Namun Ibnu Umar menyahut, "Demi Allah, seandainya bisa, janganlah ada darah walau
setetes pun tertumpah disebabkan aku." Massa di luar mengancam, "Anda harus keluar, atau kalau
tidak, kami bunuh di tempat tidurmu!"
Diancam begitu Ibnu Umar tak tergerak. Massa pun bubar. Sampai suatu ketika, datang lagi
ke sekian kali tawaran menjadi khalifah. Ibnu Umar mengajukan syarat, yakni asal ia dipilih oleh
seluruh kaum Muslimin tanpa paksaan. Jika baiat dipaksakan sebagian orang atas sebagian yang
lainnya di bawah ancaman pedang, ia akan menolak.
Saat itu, sudah pasti syarat ini takkan terpenuhi. Mereka sudah terpecah menjadi beberapa
firqah (kelompok), bahkan saling mengangkat senjata. Ada yang kesal lantas menghardik Ibnu
Umar. "Tak seorang pun lebih buruk perlakuannya terhadap manusia kecuali kamu," kata mereka.
"Kenapa? Demi Allah, aku tidak pernah menumpahkan darah mereka tidak pula berpisah dengan
jamaah mereka, apalagi memecah-mecah persatuan mereka?" jawab Ibnu Umar heran.
"Seandainya kau mau menjadi khalifah, tak seorang pun akan menentang."
"Aku tak suka kalau dalam hal ini seorang mengatakan setuju, sedang yang lain tidak."
Ketika Muawiyah II, putra Yazid bin Muawiyah, menduduki jabatan khalifah, datang
Marwan menemui Ibnu Umar. "Ulurkan tanganmu agar kami berbaiat. Anda adalah pemimpin
Islam dan putra dari pemimpinnya."
"Lantas apa yang kita lakukan terhadap orang-orang bagian timur?"
"Kita gempur mereka sampai mau berbaiat."
"Demi Allah, aku tidak sudi dalam umurku yang tujuh puluh tahun ini, ada seorang manusia yang
terbunuh disebabkan olehku," kata Ibnu Umar.
Penolakan Ibnu Umar ini karena ia ingin netral di tengah kekalutan para pengikut Ali dan
Muawiyah. Sikap itu diungkapkannya dengan pernyataan, "Siapa yang berkata, 'marilah shalat',
akan kupenuhi. Siapa yang berkata 'marilah menuju kebahagiaan' akan kuturuti pula. Tetapi siapa
yang mengatakan 'marilah membunuh saudara kita seagama dan merampas hartanya', maka saya
katakan, tidak!"
Hal ini bukan karena Ibnu Umar lemah, tapi karena ia sangat berhati-hati, dan amat sedih jika umat
Islam terpecah dalam beberapa golongan.
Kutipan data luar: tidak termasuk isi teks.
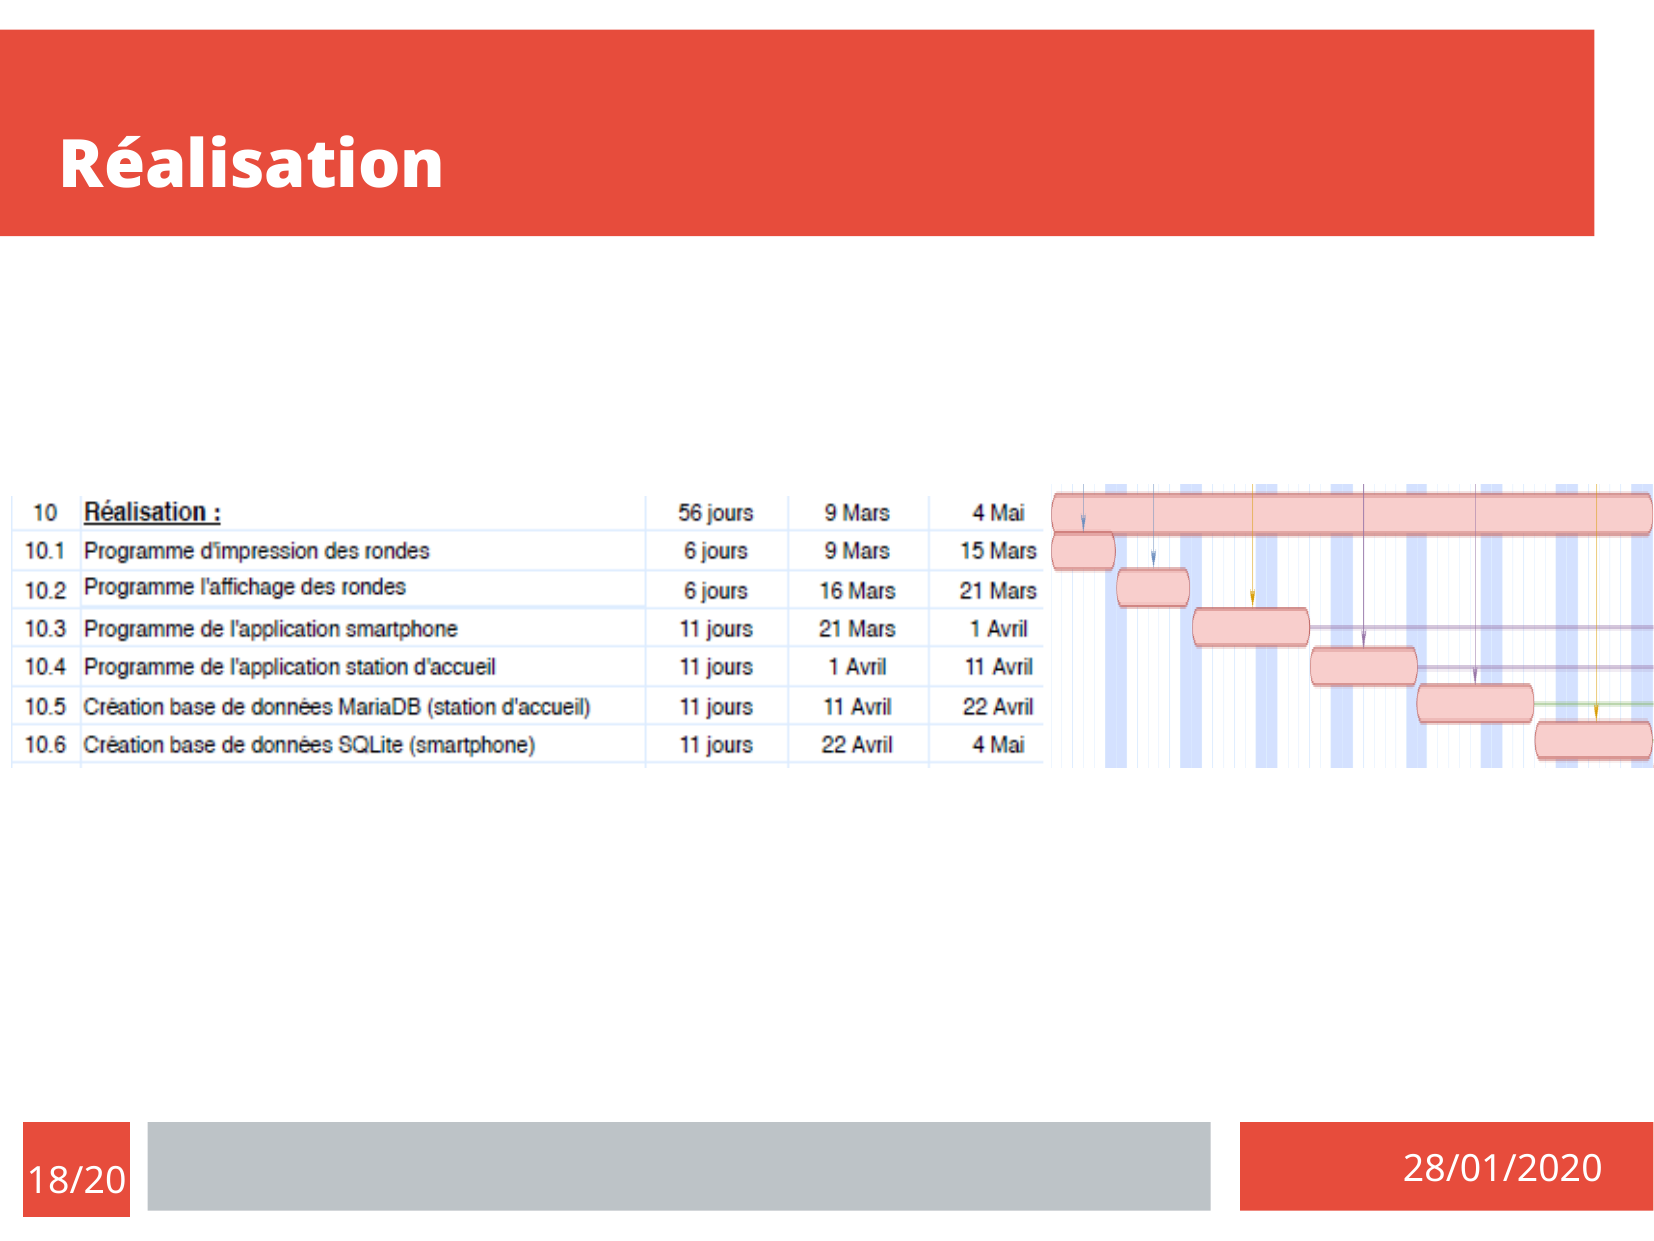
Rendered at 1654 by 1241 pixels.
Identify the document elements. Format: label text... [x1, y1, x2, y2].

picture [11, 484, 1654, 768]
text_box <numéro>/20 [11, 1145, 154, 1241]
title Réalisation [59, 59, 1595, 207]
text_box [23, 1122, 130, 1145]
text_box 28/01/2020 [1388, 1133, 1634, 1196]
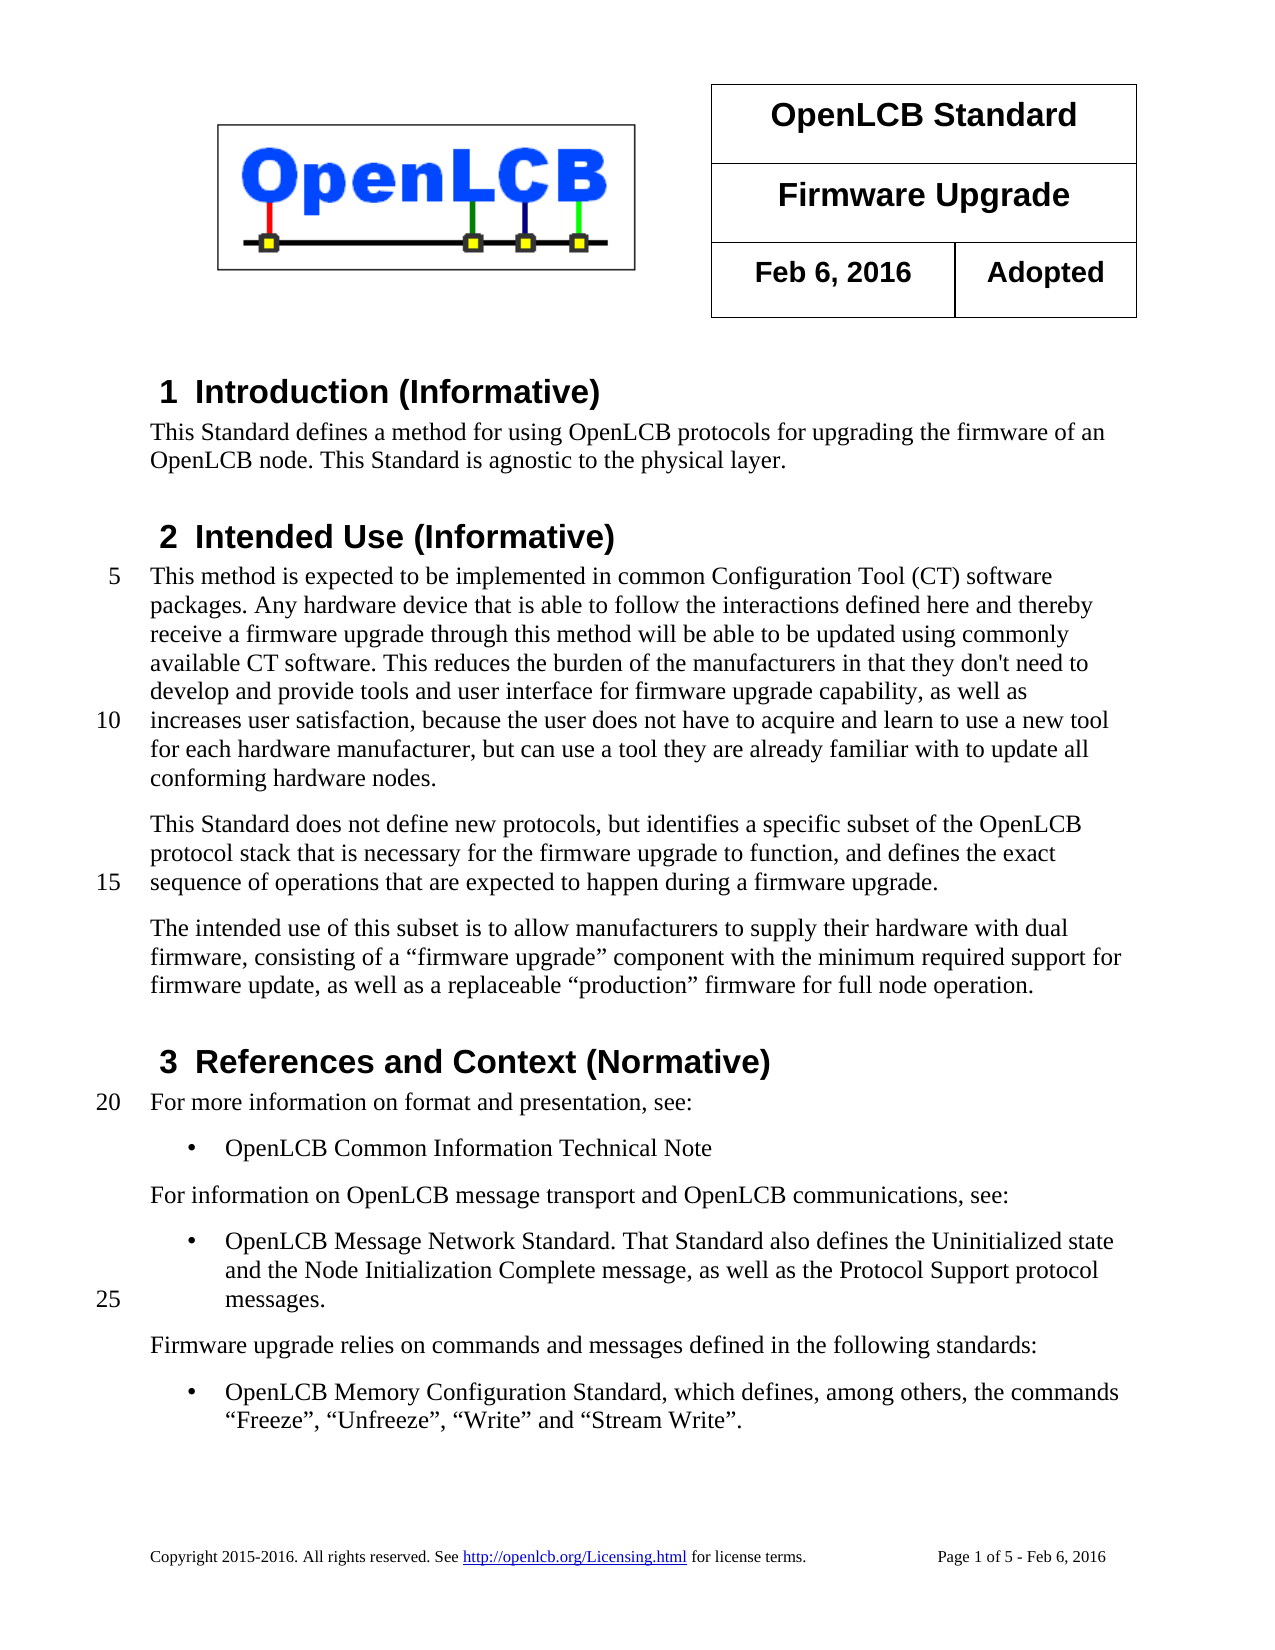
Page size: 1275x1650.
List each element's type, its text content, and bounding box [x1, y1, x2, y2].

Ia tak suka berpihak pada salah satunya.
Meskipun pada akhirnya ia pernah berkata, "Tiada sesuatu pun yang kusesalkan karena tidak
kuperoleh, kecuali satu hal, aku amat menyesal tidak mendampingi Ali memerangi golongan
pendurhaka."
Seseorang menggugatnya, kenapa ia tidak membela Ali dan pengikutnya jika ia merasa Ali di pihak
yang benar.
Ibnu Umar menjawab, "Karena Allah telah mengharamkan atasku menumpahkan darah Muslim."